Task input: Begin
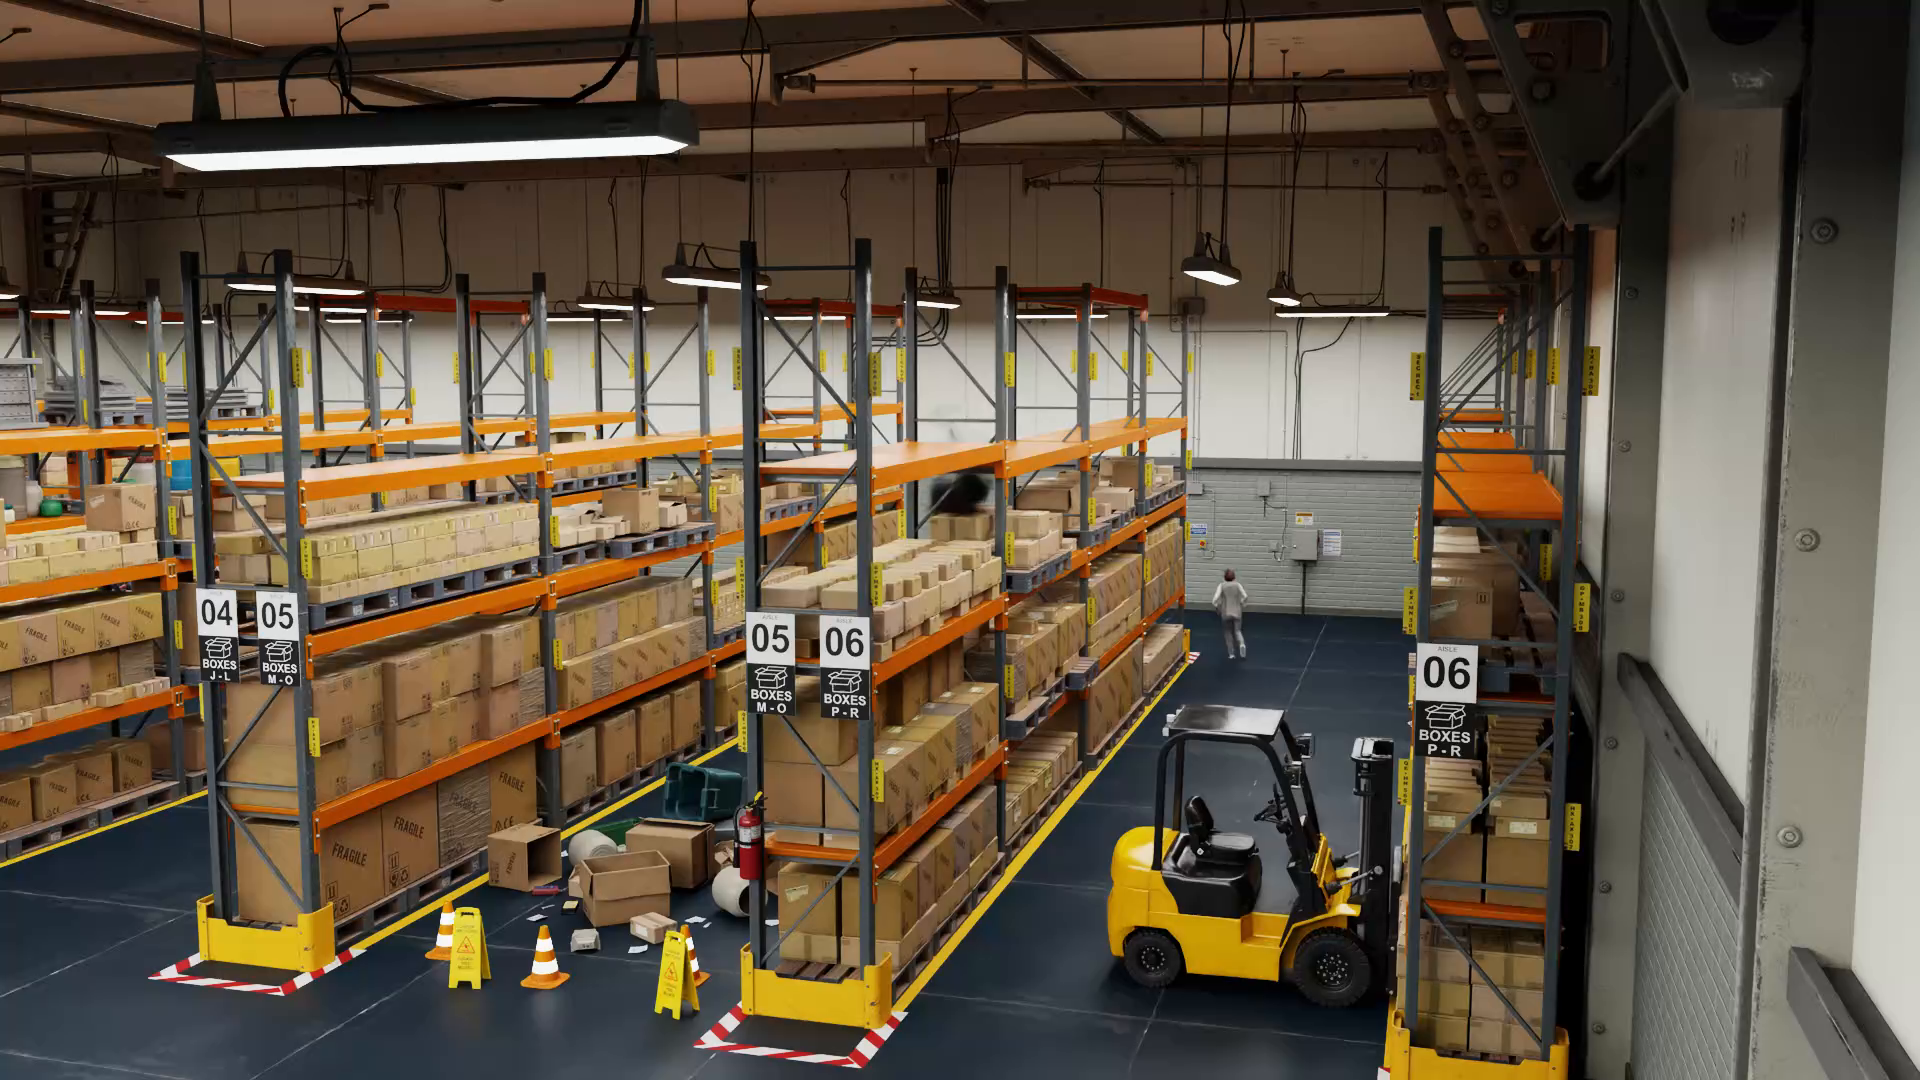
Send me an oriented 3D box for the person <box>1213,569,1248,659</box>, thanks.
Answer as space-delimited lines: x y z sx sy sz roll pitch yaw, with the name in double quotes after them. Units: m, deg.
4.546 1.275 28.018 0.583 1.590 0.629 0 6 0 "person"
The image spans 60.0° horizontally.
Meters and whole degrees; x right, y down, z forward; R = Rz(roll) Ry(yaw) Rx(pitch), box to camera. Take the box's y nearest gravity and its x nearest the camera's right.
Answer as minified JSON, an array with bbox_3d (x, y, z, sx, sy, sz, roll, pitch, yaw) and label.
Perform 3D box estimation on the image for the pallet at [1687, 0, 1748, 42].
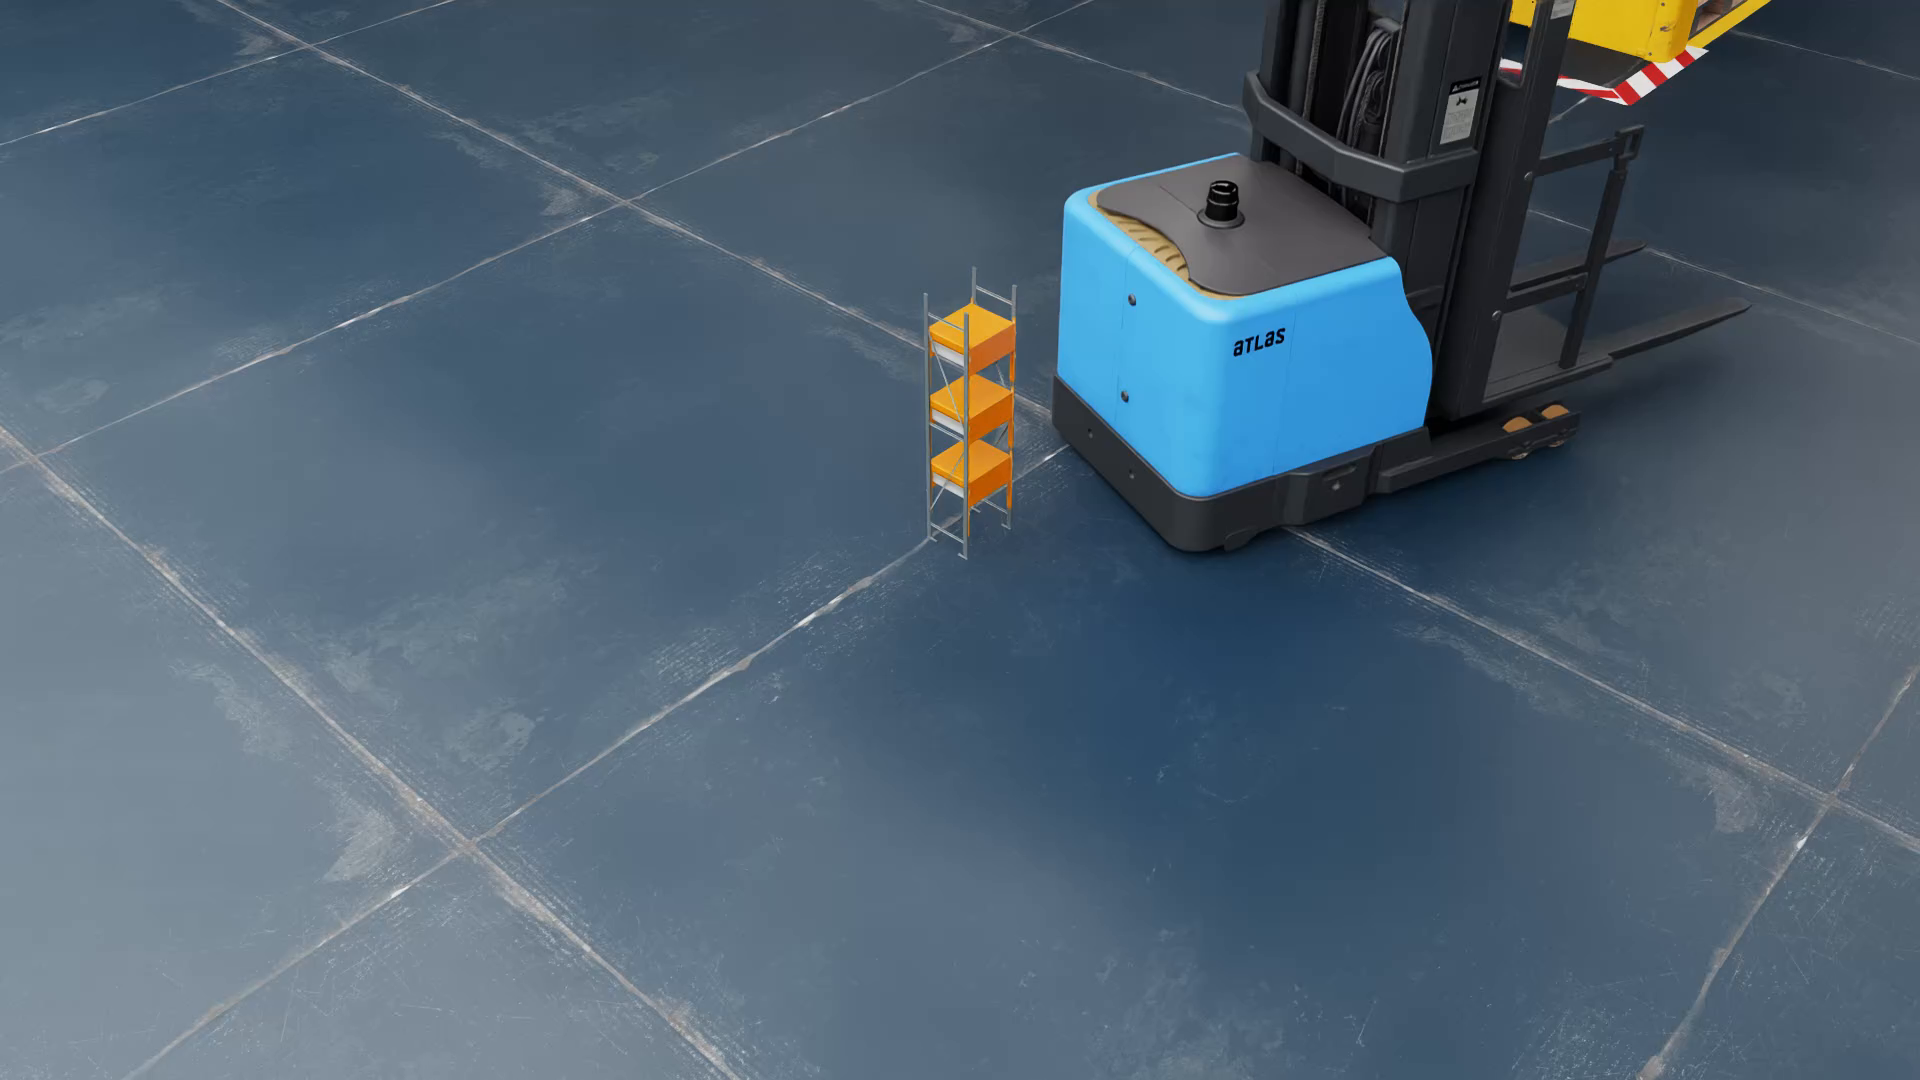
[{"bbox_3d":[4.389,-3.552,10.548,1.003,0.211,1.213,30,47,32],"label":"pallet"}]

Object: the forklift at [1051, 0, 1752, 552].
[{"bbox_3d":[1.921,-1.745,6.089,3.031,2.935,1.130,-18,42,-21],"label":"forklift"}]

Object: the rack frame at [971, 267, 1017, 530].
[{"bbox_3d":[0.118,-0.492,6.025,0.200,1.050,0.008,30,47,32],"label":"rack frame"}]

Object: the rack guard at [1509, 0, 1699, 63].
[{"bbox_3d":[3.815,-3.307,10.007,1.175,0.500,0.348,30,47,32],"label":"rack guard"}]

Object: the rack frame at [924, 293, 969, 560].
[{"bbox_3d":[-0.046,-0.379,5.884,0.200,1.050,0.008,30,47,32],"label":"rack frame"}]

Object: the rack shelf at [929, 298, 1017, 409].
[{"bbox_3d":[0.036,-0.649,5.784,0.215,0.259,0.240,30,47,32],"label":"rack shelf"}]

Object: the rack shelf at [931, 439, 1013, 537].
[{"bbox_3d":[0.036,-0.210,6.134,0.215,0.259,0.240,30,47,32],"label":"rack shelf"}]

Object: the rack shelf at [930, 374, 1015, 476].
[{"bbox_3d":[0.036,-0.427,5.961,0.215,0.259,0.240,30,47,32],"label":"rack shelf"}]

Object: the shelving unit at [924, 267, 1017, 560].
Task input: End
*Try it*.
Nothing but the lines from the first line of the records above to the line with "The image spans 60.0° horizontally.", inclusive, should be transcribed exactly, and the pictures must be left out.

*Answer to this problem*.
Send me an oriented 3D box for the person <box>1213,569,1248,659</box>, thanks.
Answer as space-delimited lines: x y z sx sy sz roll pitch yaw, with the name in double quotes after them. Units: m, deg.
4.546 1.275 28.018 0.583 1.590 0.629 0 6 0 "person"
The image spans 60.0° horizontally.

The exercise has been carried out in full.